E foi assim que, pela primeira vez, entrei num tribunal para responder a um crime de desobediência. Acho que era isso – uma desobediência grave!

Uma vez ‘sentado no mocho’, pôs-se uma Grandessíssima e Meritíssima Juíza a fazer-me perguntas. Uma cavalona cheia de tesão por baixo daquele hábito negro. Eu não estava propriamente em condições de me achar com tesão e apenas um pézito nervoso bombeava sangue para o resto do corpo.

[-] Sim, claro… Eu compreendo… o colectivo compreenderá que eu estava em casa… não fazia tenções de sair… estava até descalço… blá blá blá…
[-] O senhor isto… o senhor aquilo… a sociedade e a ordem… o senhor compreenderá que não pode…

- Sim sim, eu compreendo… isto também não é nada do que eu tinha visto nos filmes com tribunais americanos…
- Perdão?
- Não me peça perdão, ora essa! Isto é frio e agreste mas também não é propriamente um salão sadomaso…

Por esta altura, um polícia (ou segurança, não sei bem!) começou a saltitar de uma coxa para a outra, sem se mexer. A olhar para a Meretíssima e para mim. Para mim e para a Meretíssima que, por esta altura, não sabia se havia de largar a caneta e pegar no martelinho ou pegar no martelinho e bater. Arriscou em vão escrever com o martelinho… e riu-se entre-dentes.
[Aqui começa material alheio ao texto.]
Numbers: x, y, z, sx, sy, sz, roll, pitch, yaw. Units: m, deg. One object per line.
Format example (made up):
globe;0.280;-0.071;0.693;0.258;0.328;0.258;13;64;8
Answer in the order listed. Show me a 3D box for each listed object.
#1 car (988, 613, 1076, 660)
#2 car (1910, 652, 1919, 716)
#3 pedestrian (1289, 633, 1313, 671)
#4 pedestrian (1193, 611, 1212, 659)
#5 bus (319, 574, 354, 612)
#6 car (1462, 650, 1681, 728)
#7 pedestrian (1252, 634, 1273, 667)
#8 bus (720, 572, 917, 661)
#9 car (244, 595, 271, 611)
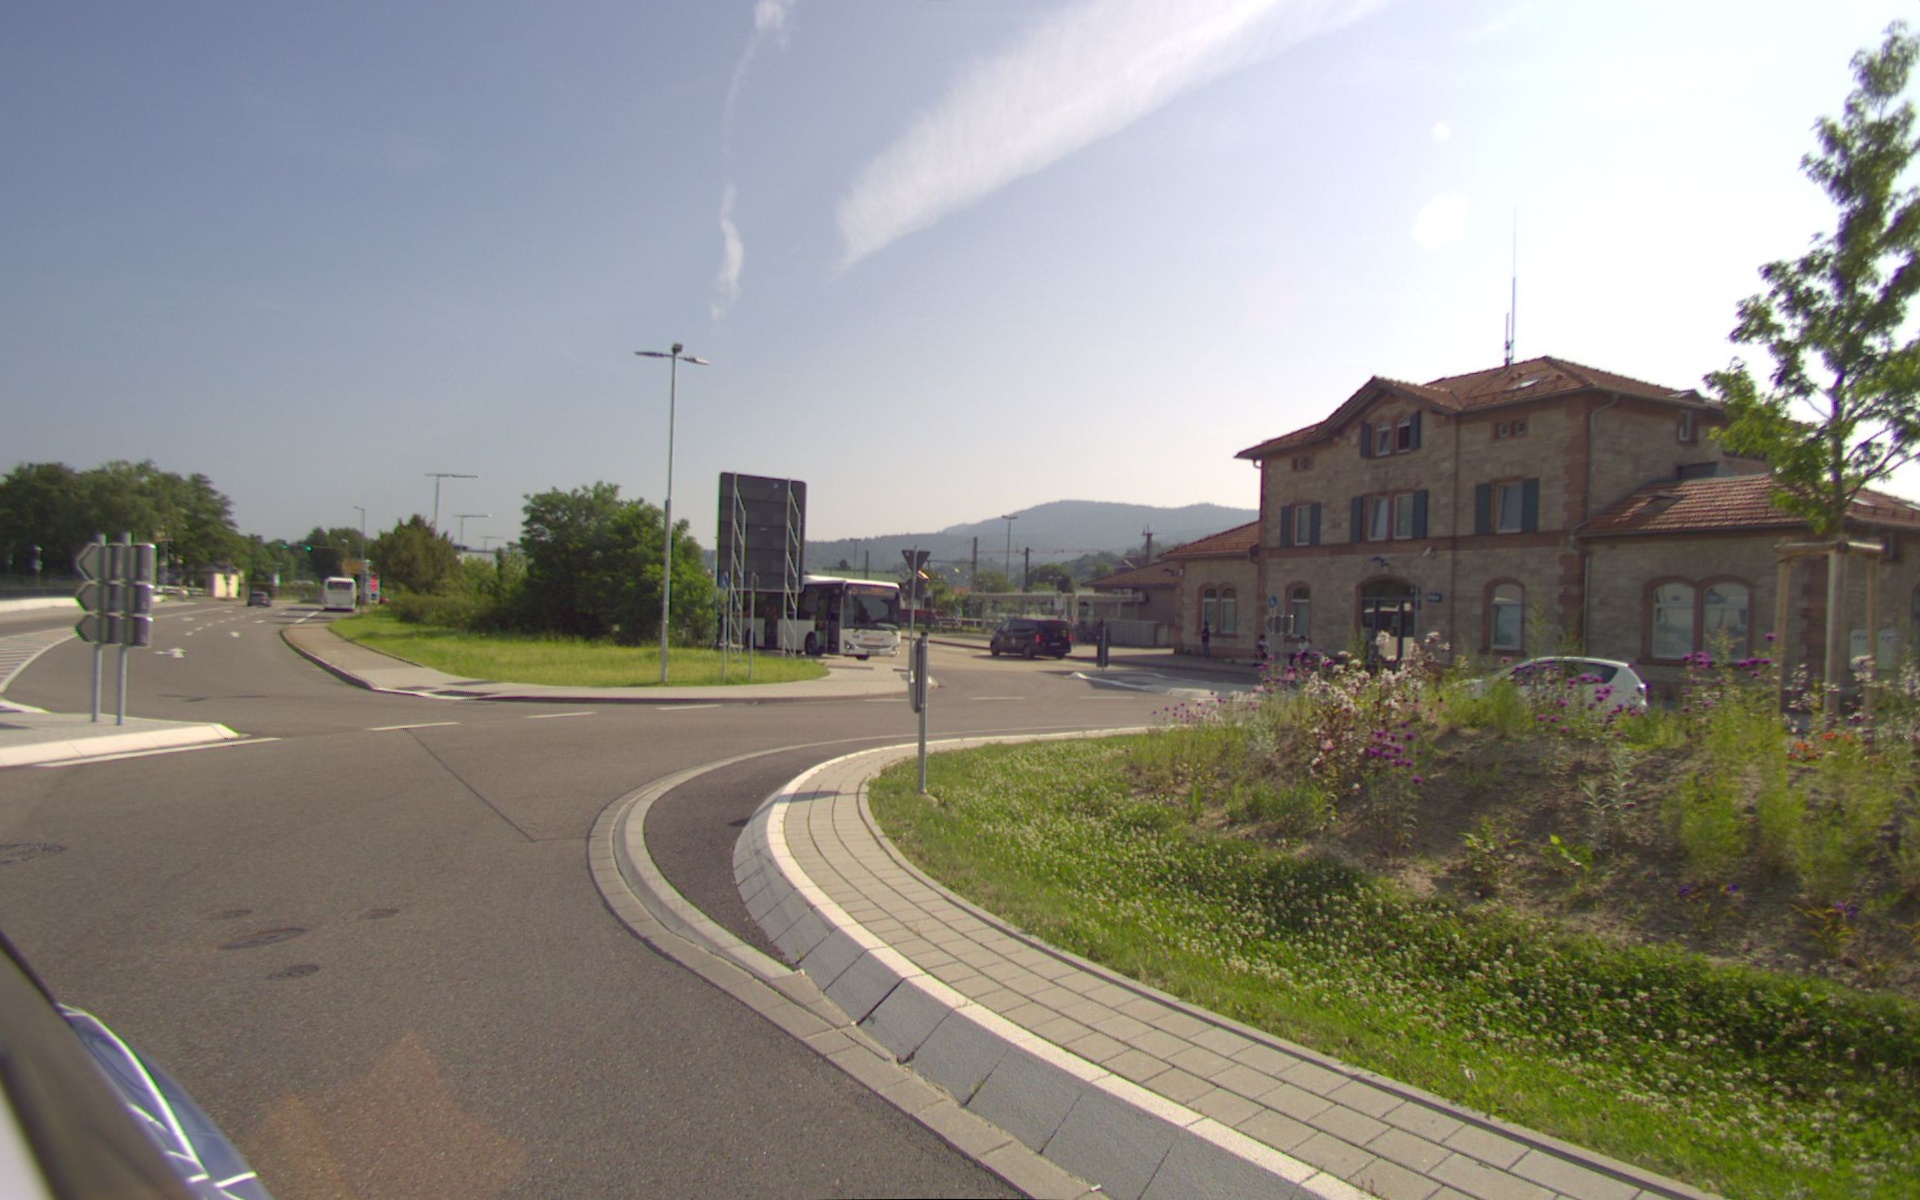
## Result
car;3.250;1.655;47.041;1.813;1.960;4.898;3;-1;-26
car;23.529;1.959;22.298;1.369;1.461;3.548;2;-1;-29
pedestrian;12.427;1.896;36.899;0.557;1.359;0.554;3;-1;-24
pedestrian;10.487;1.506;43.759;0.522;2.029;0.579;3;-1;-9
bus;-60.682;-0.670;98.664;2.584;3.335;11.993;3;-1;-31
car;10.956;1.561;18.364;3.223;1.181;1.382;1;-1;24
pedestrian;11.597;1.926;38.841;0.435;1.213;0.586;3;-1;-27
bus;-6.196;0.668;41.593;3.023;3.147;11.751;2;-2;-35
car;-69.572;0.304;100.301;1.747;1.484;4.233;3;-1;-30
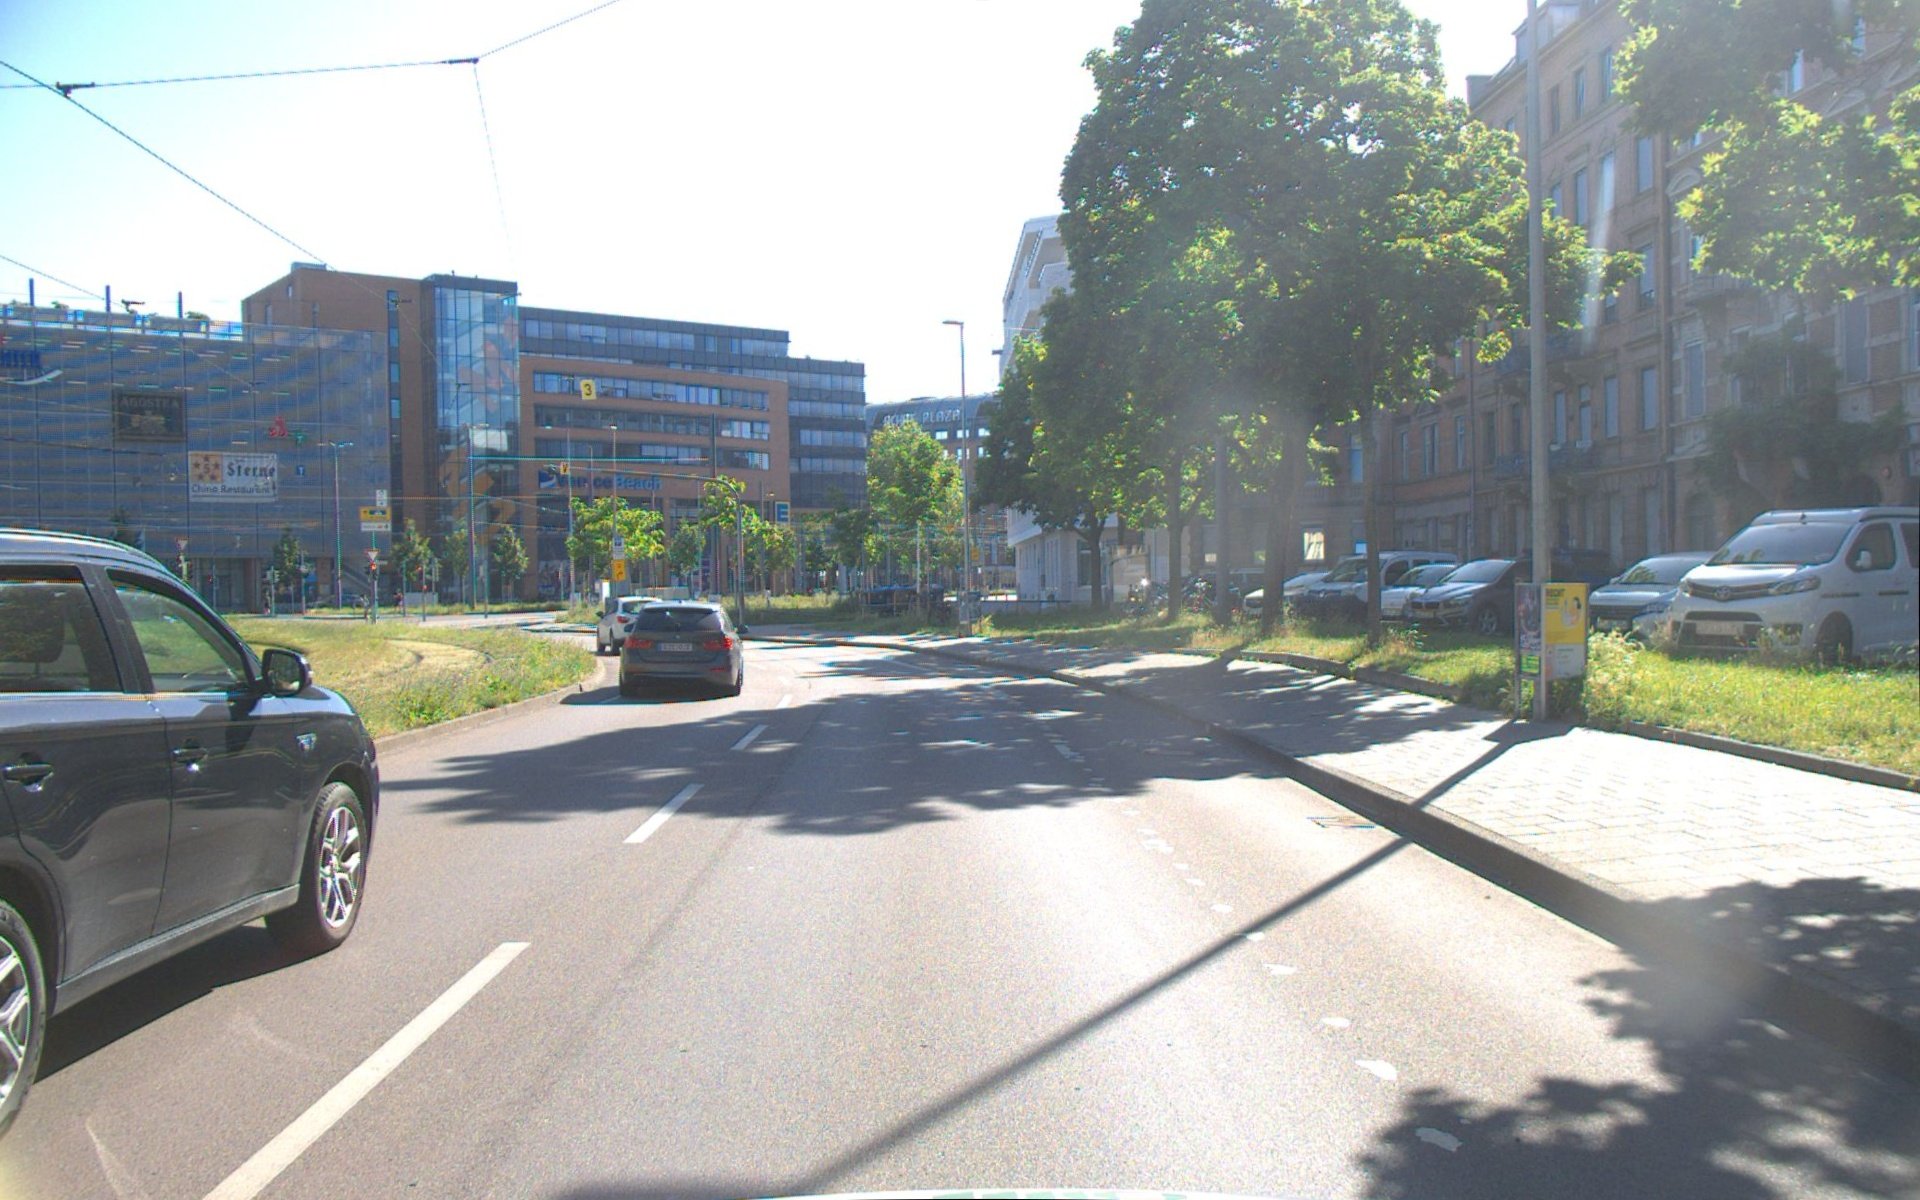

- O senhor é muito insolente. Tem noção? (…) faz ideia? (…) por isso, eu podia (…)
- Ó minha senhora…
- MINHA SENHORA?
- Perdão. Nossa Senhora… que estais no céu… e de costas para um azulejo pintado por alguém que devia estar tão bêbado que acreditava aqui poder fazer-se justiça…
- Vou mandá-lo prender. O senhor tem ideia? (…) faz noção? (…) o senhor estava bêbado e conduzia uma viatura a altas horas da madrugada, pondo em perigo a vida de outras pessoas! O que tem a dizer-me sobre isto?
- Foi por uma boa causa!
- Uma boa causa? Uma boa causa?
- Sim.
- Como pode o senhor chamar a isso boa causa? Você é uma vergonha para a sociedade!
- Sim, é verdade. A sociedade envergonha-se com muita facilidade de pessoas como eu. Mas isso é só a vergonha que ela tem de si mesma. Como quando se abstém de levantar um ser-humano que caiu redondo de bêbado no chão. E encosta os pezinhos um ao outro para que a cabeça de um aflito lhe não pise os pés ou olhe por dentro da sua bolha Actimel

E assim começou a minha primeira aventura, sem carta, na cadeia…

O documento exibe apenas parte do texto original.